Content starts
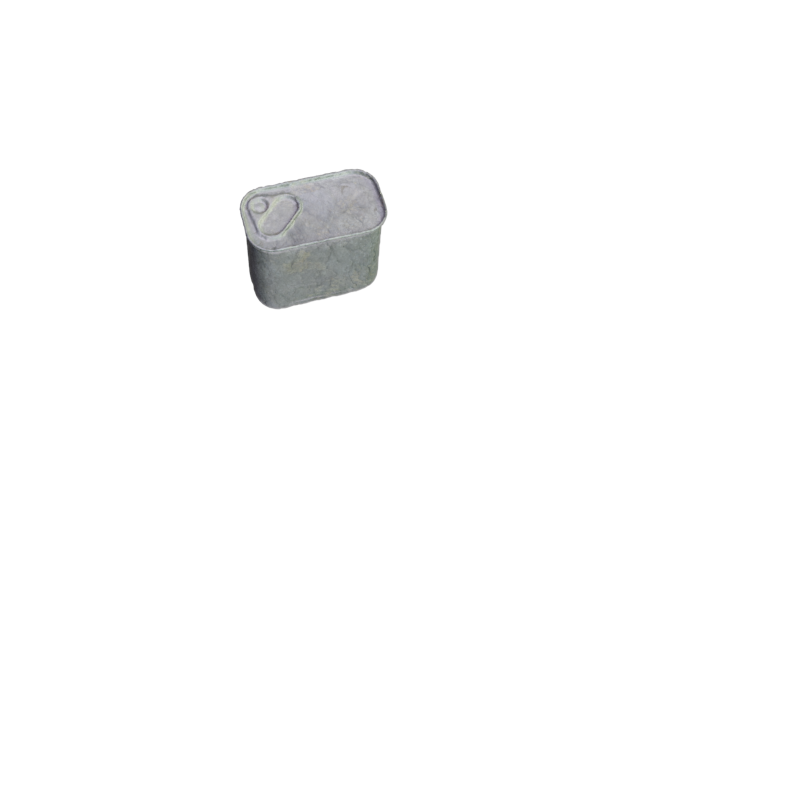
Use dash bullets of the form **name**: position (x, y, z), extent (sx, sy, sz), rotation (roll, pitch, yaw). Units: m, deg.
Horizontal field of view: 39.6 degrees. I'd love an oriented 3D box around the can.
- **can**: position (-0.064, -0.116, 0.816), extent (0.101, 0.062, 0.079), rotation (-13, -29, -9)
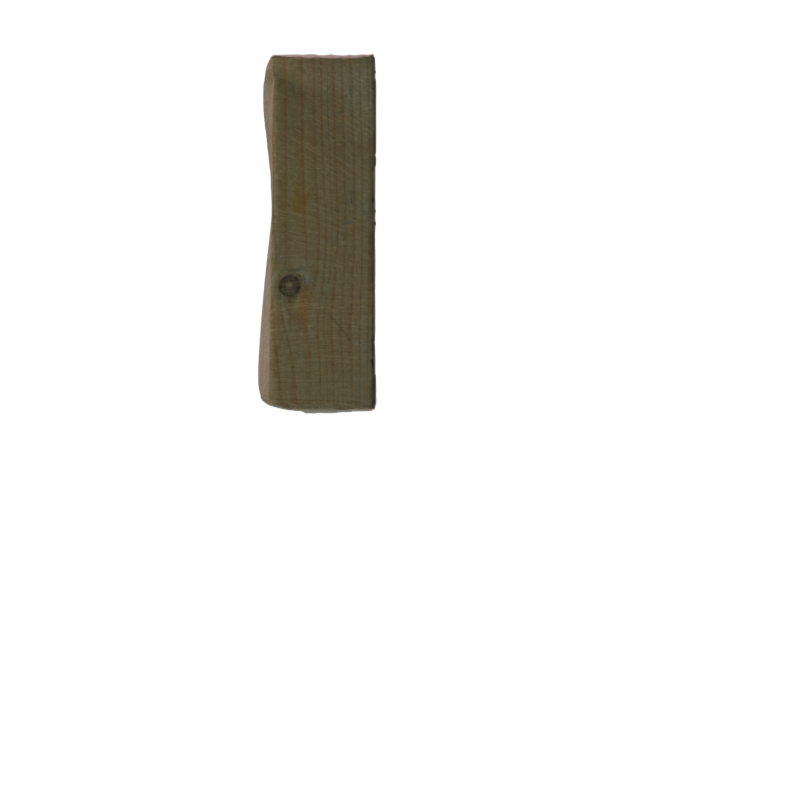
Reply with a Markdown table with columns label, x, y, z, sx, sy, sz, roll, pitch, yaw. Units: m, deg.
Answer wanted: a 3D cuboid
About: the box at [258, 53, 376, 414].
| label | x | y | z | sx | sy | sz | roll | pitch | yaw |
| --- | --- | --- | --- | --- | --- | --- | --- | --- | --- |
| box | -0.057 | -0.104 | 0.728 | 0.071 | 0.216 | 0.164 | 0 | -2 | -7 |
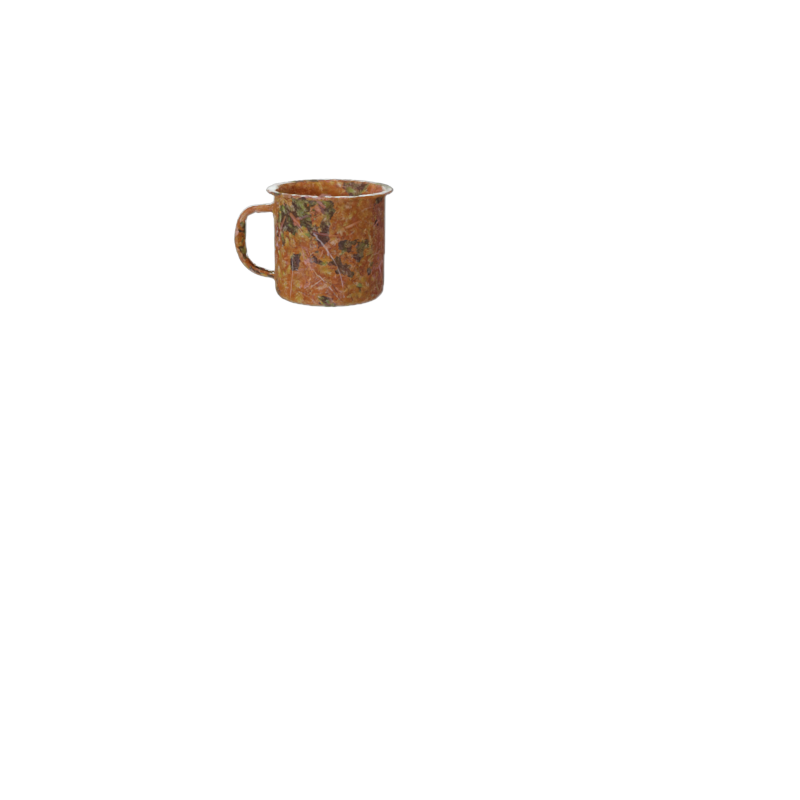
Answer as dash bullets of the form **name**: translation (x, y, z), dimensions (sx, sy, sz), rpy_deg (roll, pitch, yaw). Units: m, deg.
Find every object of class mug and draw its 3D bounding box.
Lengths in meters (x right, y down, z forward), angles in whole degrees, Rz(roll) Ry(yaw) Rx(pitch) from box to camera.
- **mug**: translation (-0.064, -0.117, 0.819), dimensions (0.117, 0.079, 0.096), rpy_deg (0, 16, -1)
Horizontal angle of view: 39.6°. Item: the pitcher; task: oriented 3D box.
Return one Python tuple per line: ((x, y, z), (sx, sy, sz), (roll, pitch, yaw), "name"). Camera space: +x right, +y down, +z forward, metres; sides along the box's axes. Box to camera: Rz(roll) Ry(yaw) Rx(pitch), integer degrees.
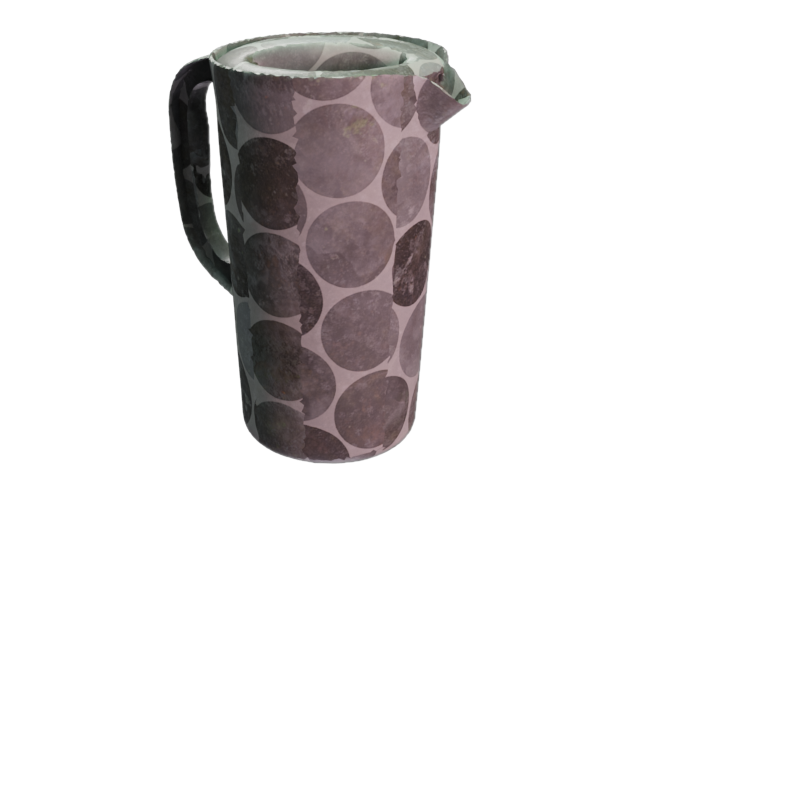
((-0.052, -0.094, 0.659), (0.142, 0.231, 0.159), (-7, 25, -18), "pitcher")
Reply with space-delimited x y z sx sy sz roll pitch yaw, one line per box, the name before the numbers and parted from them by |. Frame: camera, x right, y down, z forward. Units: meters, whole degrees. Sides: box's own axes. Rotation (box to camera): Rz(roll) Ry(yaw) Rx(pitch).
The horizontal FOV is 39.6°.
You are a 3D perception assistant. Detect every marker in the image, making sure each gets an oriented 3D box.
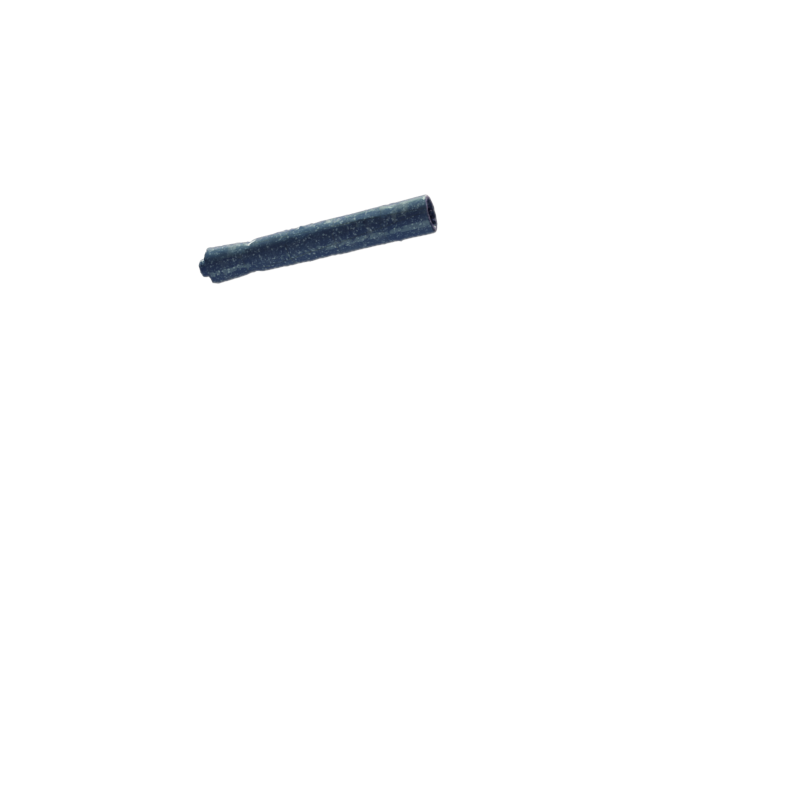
marker | -0.042 -0.077 0.540 0.122 0.020 0.019 -11 1 18
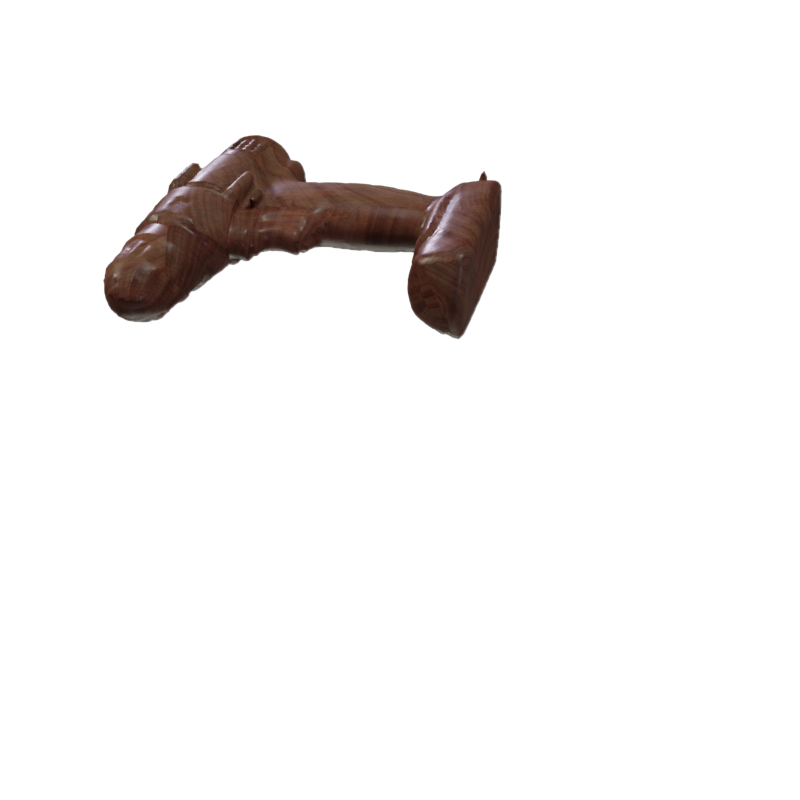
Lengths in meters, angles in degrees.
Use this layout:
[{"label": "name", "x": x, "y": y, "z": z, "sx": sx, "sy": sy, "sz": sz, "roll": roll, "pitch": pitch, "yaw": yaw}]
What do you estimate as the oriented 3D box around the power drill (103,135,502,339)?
Content ends
Task details:
Copy out all lines from the material above that contain the string "dash".

Solution for this problem:
Use dash bullets of the form **name**: position (x, y, z), extent (sx, sy, sz), rotation (roll, pitch, yaw). Units: m, deg.
Answer as dash bullets of the form **name**: translation (x, y, z), dimensions (sx, sy, sz), rpy_deg (roll, pitch, yaw). Units: m, deg.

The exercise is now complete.